Allein der Bund will laut NZZ von 2016 bis 2020 zur Versorgung der Flüchtlinge 93,6 Milliarden Euro zur Verfügung stellen. Da die Bundesländer aber klagen würden, weil sie höchstens die Hälfte der Kosten erstattet bekämen, wären also jährlich zwischen 30 und 40 Milliarden zu veranschlagen. Unklar bleibe, ob dabei die zusätzlichen Ausgaben für 180 000 neue Kindergartenplätze, 2400 zusätzliche Grundschulen und die zugesagten 15 000 Polizisten eingerechnet sind.

Drastische Zunahme gefährlicher Infektionskrankheiten wie Tuberkulose oder Aids

Weiterhin würden die Verwaltungsgerichte 2000 weitere Richter einfordern, um die Asyl-Klagewelle zu bewältigen, die sich seit 2015 auf 200 000 Widerspruchsverfahren vervierfacht hat, so NZZ weiter. Eine drastische Zunahme gefährlicher Infektionskrankheiten wie Tuberkulose oder Aids, die mit den Flüchtlingen ins Land gekommen seien – stelle laut dem Robert-Koch-Institut eine weitere Bedrohung dar.

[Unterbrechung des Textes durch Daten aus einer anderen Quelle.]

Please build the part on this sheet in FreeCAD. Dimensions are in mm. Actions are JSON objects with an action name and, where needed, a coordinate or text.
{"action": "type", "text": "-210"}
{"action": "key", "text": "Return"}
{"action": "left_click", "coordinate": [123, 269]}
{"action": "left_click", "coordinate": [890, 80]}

Entwicklungshilfeminister Gerd Müller (CSU) habe laut NZZ indirekt solch hohe Summen schon bestätigt. Demnach geben Bund, Länder und Gemeinden für eine Million Flüchtlinge jährlich 30 Milliarden Euro aus. Andere Institutionen kämen dabei noch auf viel höhere Beträge, wie etwa das Institut der Deutschen Wirtschaft (IW), dass mit 50 Milliarden rechne. Zum selben Ergebnis käme auch der Sachverständigenrat 2017. Das Kieler Institut für Wirtschaftsforschung kalkuliere sogar mit 55 Milliarden Euro.

Lege man die Kalkulationen des Ministers zugrunde, dann würde  jeder Schutzsuchende in Deutschland 2500 Euro pro Monat kosten. Das entspräche der Steuerlast von zwölf Durchschnittsverdienern (3000 Euro pro Monat, Steuerklasse III); oder der von fünf Singles (Steuerklasse I) in dieser mittleren Einkommensklasse. Für einen unbegleiteten jugendlichen Migranten würden sogar bis zu 5000 Euro im Monat veranschlagt werden, heißt es laut dem Blatt.

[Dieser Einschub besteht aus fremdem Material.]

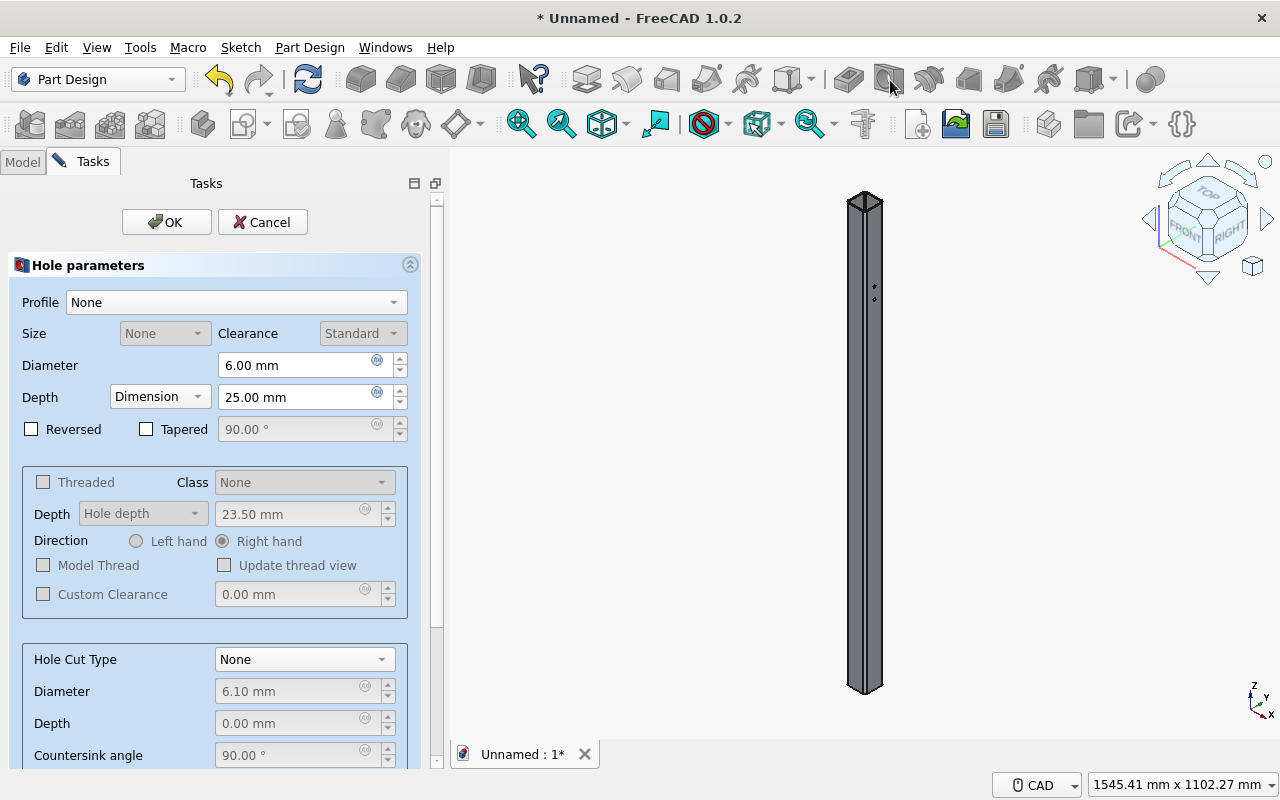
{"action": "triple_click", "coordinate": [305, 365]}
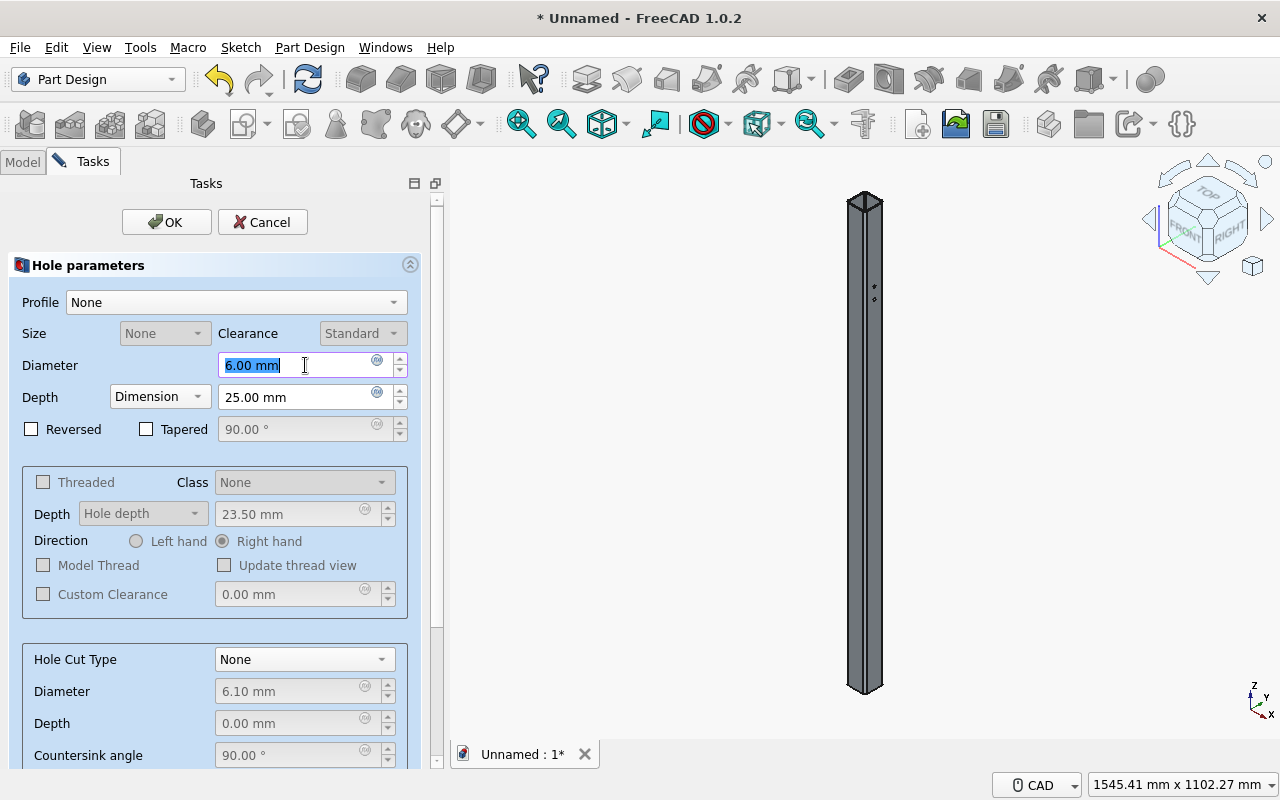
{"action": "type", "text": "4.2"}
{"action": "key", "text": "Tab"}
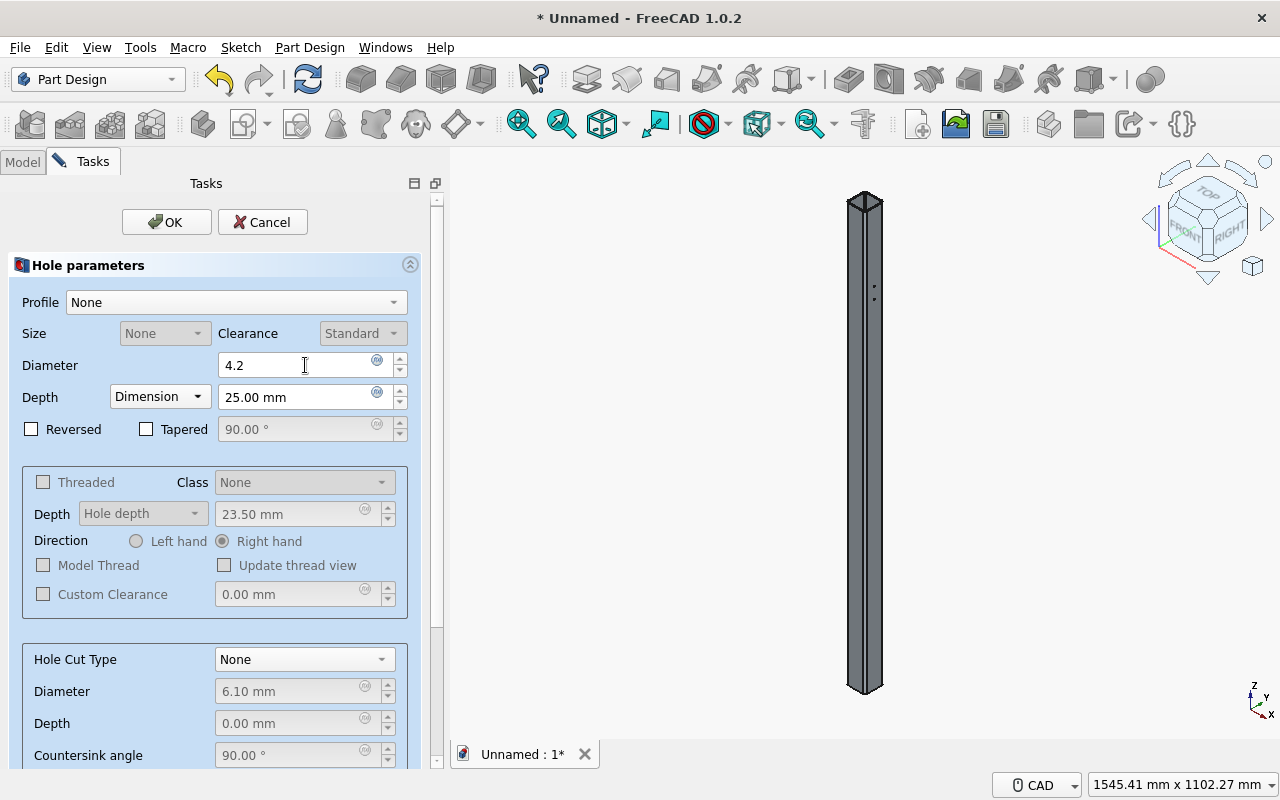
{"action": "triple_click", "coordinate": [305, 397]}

Der Finanzwissenschaftler Bernd Raffelhüschen geht laut NZZ davon aus, dass aufgrund des geringen Bildungsniveaus jeder Flüchtling in seiner Lebenszeit per saldo 450 000 Euro koste. Bei zwei Millionen Zugewanderten bis 2018 summiere sich das auf Gesamtkosten von 900 Milliarden Euro.

Die Zahlen könnten jedoch noch höher sein, heißt es weiter. Das liege an den vielen neuen Langzeitarbeitslosen. Laut einer Studie seien bis jetzt nur 13 Prozent der Flüchtlinge erwerbstätig. 59 Prozent hätten keinen Schulabschluss, zudem seien viele Analphabeten.

Dass man seitens der deutschen Regierung keine klaren Angaben über Aufwendungen für einen bestimmten Personenkreis bekomme – und das in einem Land, wo man sonst jede Schraube zählt – sei nur mit der „Angst vor dem Bürger“ zu erklären, resümiert das Schweizer Blatt.